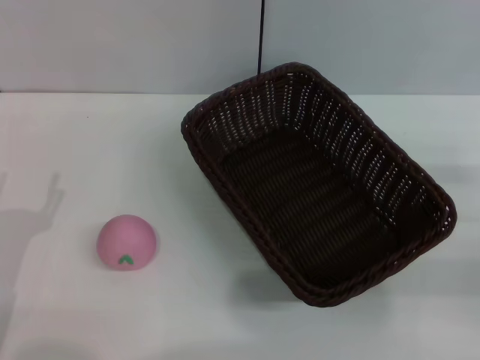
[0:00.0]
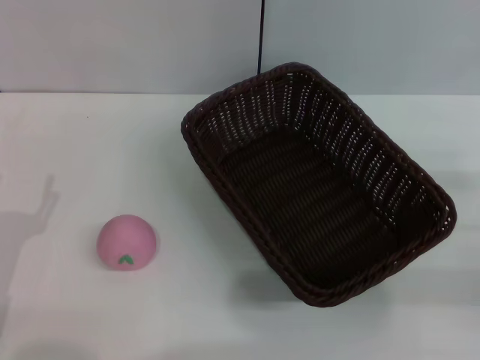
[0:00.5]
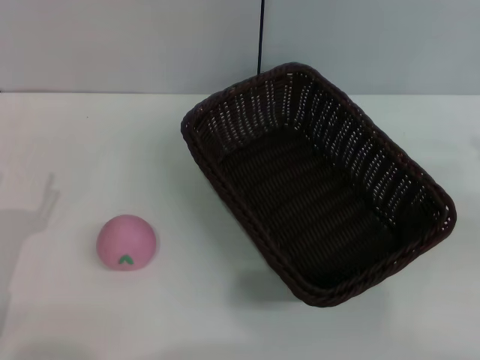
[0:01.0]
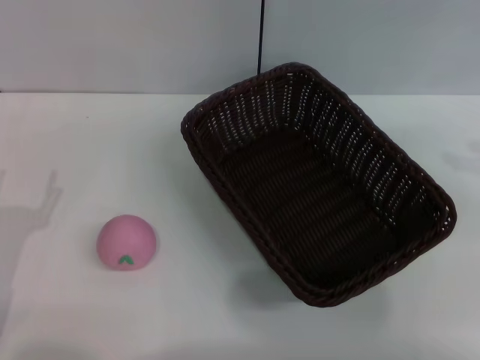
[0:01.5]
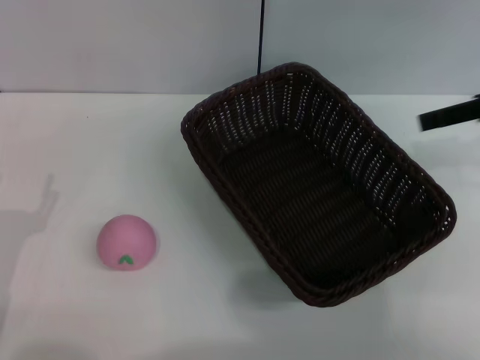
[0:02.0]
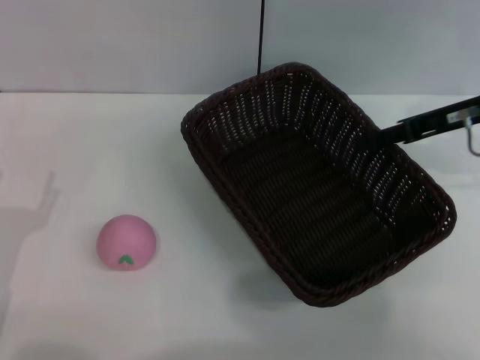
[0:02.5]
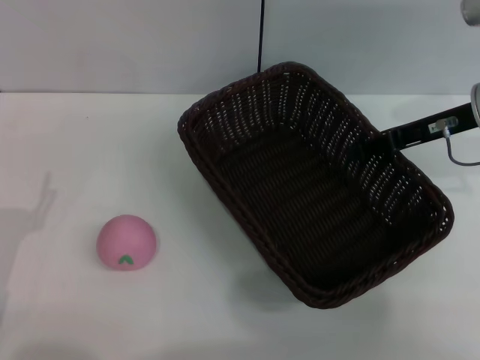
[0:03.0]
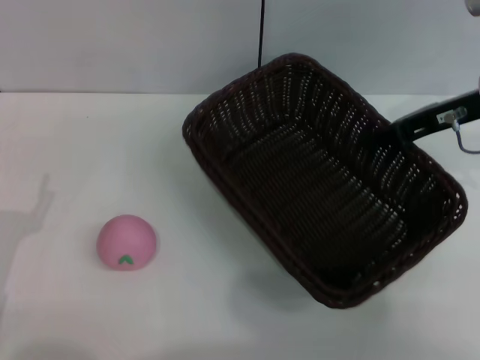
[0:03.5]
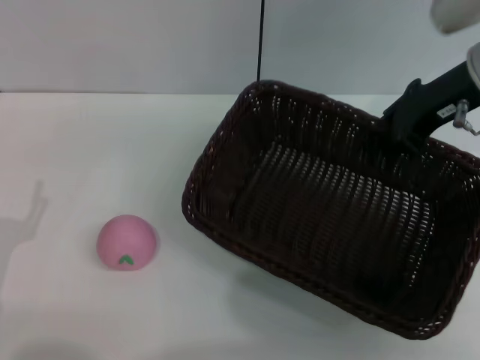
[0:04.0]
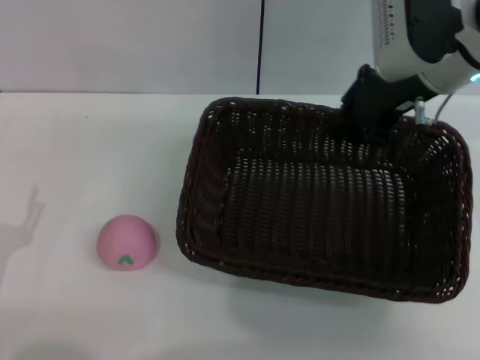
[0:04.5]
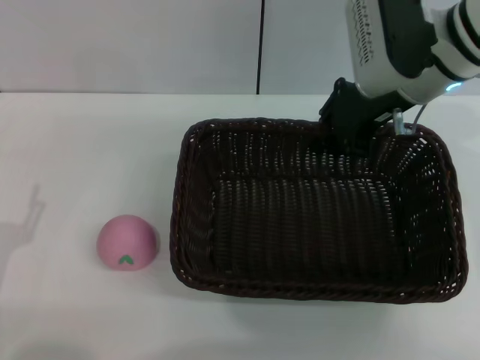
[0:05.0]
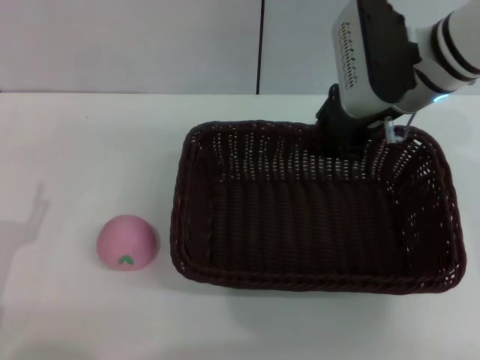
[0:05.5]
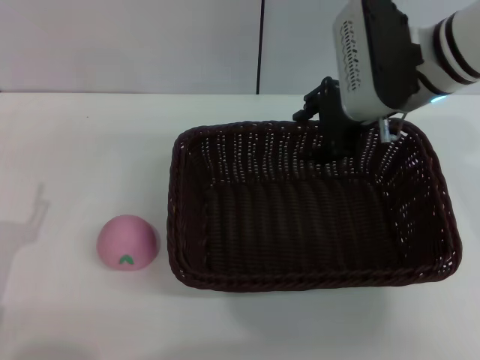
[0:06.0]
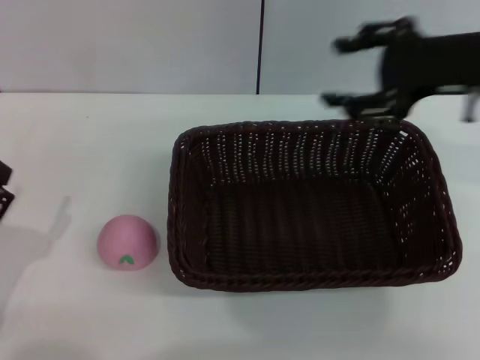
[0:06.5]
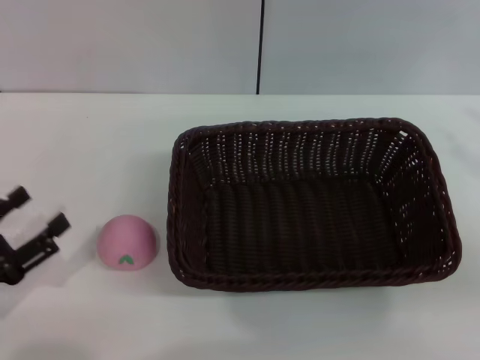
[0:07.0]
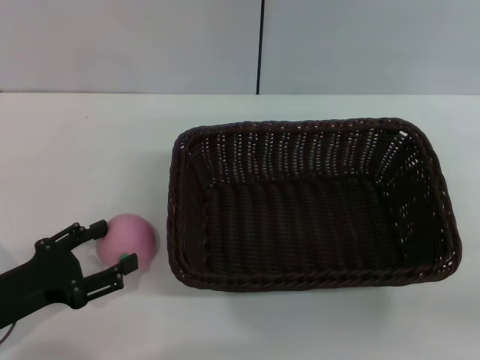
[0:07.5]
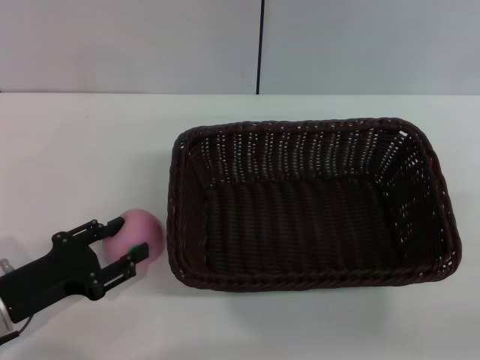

Your assignment:
Pictures aside, give the data again exactly as it appears.

Answer space:
[0:00.0]
[0:00.5]
[0:01.0]
[0:01.5]
[0:02.0]
[0:02.5]
[0:03.0]
[0:03.5]
[0:04.0]
[0:04.5]
[0:05.0]
[0:05.5]
[0:06.0]
[0:06.5]
[0:07.0]
[0:07.5]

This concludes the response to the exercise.